▶ **Task instructions**
Needed from the data below: every line from the one with "Answer yes or no. Yes. Is Rebecca" up to and including the one with "if state == 'absent'", repeated exactly and with nothing else.

Dataset entries:
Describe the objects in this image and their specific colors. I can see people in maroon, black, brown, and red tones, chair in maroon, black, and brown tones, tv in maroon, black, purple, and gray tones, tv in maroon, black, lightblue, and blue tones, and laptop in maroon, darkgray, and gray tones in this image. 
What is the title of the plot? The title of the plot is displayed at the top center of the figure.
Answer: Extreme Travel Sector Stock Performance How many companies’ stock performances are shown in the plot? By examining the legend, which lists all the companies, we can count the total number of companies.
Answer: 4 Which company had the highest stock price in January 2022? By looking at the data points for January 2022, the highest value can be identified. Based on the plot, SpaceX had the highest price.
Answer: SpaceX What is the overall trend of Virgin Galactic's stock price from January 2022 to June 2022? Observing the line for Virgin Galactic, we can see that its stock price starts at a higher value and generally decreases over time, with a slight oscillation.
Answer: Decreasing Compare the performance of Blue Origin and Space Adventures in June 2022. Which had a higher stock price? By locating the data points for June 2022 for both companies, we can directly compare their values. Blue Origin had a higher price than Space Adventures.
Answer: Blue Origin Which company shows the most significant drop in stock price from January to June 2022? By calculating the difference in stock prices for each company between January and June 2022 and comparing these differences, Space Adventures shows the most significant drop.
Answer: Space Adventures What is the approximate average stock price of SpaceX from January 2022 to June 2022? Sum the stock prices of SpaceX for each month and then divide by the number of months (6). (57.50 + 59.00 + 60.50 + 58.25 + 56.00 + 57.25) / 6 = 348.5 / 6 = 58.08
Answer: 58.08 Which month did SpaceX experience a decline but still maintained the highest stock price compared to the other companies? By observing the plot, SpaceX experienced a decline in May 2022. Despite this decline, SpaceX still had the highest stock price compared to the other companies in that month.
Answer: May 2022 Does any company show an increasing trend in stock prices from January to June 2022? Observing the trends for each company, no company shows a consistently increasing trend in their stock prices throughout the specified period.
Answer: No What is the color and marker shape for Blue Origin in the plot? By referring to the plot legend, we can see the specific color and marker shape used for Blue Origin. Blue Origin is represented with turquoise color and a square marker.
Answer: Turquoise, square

* * *

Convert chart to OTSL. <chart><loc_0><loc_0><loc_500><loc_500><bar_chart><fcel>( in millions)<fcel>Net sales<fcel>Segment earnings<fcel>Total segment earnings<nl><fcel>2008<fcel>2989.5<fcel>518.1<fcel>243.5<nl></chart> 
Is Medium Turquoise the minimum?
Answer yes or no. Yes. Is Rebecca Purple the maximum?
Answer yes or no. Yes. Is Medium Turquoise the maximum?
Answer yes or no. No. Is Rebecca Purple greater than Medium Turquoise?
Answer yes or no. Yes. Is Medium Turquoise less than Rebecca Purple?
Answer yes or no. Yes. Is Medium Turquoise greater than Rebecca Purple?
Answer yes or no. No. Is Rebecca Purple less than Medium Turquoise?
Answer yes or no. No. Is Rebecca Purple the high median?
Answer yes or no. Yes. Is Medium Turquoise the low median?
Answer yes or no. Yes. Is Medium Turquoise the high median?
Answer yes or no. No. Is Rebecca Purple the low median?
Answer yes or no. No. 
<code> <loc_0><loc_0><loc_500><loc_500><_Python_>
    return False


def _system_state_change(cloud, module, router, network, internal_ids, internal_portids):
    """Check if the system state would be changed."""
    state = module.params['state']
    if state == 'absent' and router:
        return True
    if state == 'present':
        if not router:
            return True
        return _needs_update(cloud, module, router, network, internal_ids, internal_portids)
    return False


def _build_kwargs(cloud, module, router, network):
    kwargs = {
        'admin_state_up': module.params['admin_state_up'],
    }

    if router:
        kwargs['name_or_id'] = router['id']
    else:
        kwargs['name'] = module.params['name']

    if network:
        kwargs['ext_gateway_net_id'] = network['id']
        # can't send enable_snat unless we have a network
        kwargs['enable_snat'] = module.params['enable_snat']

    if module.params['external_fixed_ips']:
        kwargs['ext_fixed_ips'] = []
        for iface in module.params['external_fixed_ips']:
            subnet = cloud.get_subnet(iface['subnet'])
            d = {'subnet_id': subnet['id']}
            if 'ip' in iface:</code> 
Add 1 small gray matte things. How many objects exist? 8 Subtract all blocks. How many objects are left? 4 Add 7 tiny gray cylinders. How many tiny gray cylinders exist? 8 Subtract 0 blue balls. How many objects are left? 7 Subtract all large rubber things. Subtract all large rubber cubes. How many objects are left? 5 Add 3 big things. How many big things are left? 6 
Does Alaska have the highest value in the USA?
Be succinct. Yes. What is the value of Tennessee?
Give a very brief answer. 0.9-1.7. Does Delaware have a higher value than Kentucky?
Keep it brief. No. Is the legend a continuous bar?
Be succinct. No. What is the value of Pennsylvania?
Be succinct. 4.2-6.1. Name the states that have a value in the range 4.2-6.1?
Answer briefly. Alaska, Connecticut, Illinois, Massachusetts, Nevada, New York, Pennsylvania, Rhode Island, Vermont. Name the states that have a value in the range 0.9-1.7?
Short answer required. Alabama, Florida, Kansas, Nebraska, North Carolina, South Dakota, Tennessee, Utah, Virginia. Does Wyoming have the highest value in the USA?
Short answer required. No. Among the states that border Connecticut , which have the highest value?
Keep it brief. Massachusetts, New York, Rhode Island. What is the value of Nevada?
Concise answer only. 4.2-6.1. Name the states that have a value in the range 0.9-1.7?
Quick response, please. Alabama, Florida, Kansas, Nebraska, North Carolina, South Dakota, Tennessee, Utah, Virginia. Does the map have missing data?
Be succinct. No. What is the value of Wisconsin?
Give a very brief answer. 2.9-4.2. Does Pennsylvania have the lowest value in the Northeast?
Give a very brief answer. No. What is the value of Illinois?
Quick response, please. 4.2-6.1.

--

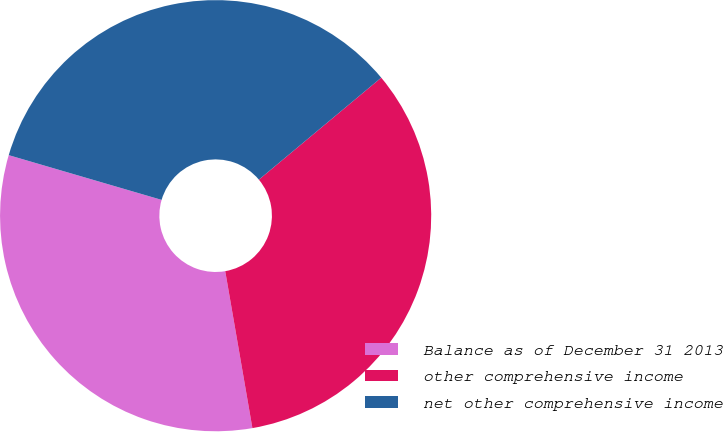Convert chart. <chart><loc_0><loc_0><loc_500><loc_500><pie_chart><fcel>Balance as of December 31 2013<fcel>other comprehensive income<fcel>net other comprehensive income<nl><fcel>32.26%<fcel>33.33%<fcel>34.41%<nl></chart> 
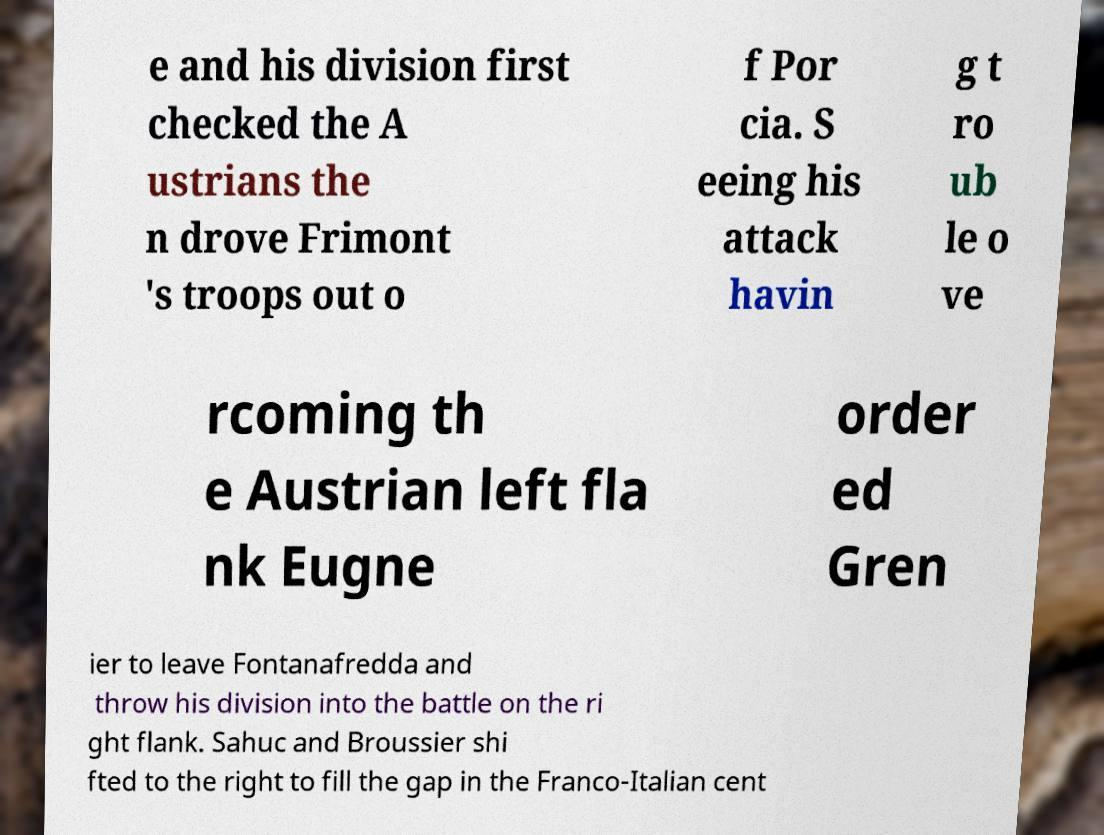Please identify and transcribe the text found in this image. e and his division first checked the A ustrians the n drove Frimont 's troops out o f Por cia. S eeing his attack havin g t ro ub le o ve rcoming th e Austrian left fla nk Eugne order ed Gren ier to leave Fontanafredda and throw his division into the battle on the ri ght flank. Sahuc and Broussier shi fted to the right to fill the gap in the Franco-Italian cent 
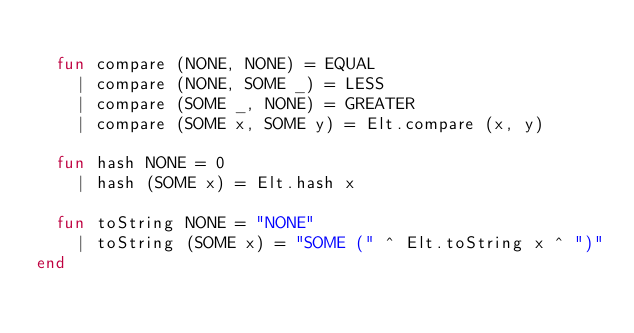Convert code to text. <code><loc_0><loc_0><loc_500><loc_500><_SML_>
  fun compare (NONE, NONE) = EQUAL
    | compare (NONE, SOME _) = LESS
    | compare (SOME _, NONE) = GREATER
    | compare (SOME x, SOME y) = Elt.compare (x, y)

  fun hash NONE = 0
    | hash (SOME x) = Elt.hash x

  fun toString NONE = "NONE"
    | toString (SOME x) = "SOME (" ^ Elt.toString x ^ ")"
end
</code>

▶ **Task output**
Answer yes or no. Yes. Is Rebecca Purple the maximum?
Answer yes or no. Yes. Is Medium Turquoise the maximum?
Answer yes or no. No. Is Rebecca Purple greater than Medium Turquoise?
Answer yes or no. Yes. Is Medium Turquoise less than Rebecca Purple?
Answer yes or no. Yes. Is Medium Turquoise greater than Rebecca Purple?
Answer yes or no. No. Is Rebecca Purple less than Medium Turquoise?
Answer yes or no. No. Is Rebecca Purple the high median?
Answer yes or no. Yes. Is Medium Turquoise the low median?
Answer yes or no. Yes. Is Medium Turquoise the high median?
Answer yes or no. No. Is Rebecca Purple the low median?
Answer yes or no. No. 
<code> <loc_0><loc_0><loc_500><loc_500><_Python_>
    return False


def _system_state_change(cloud, module, router, network, internal_ids, internal_portids):
    """Check if the system state would be changed."""
    state = module.params['state']
    if state == 'absent' and router:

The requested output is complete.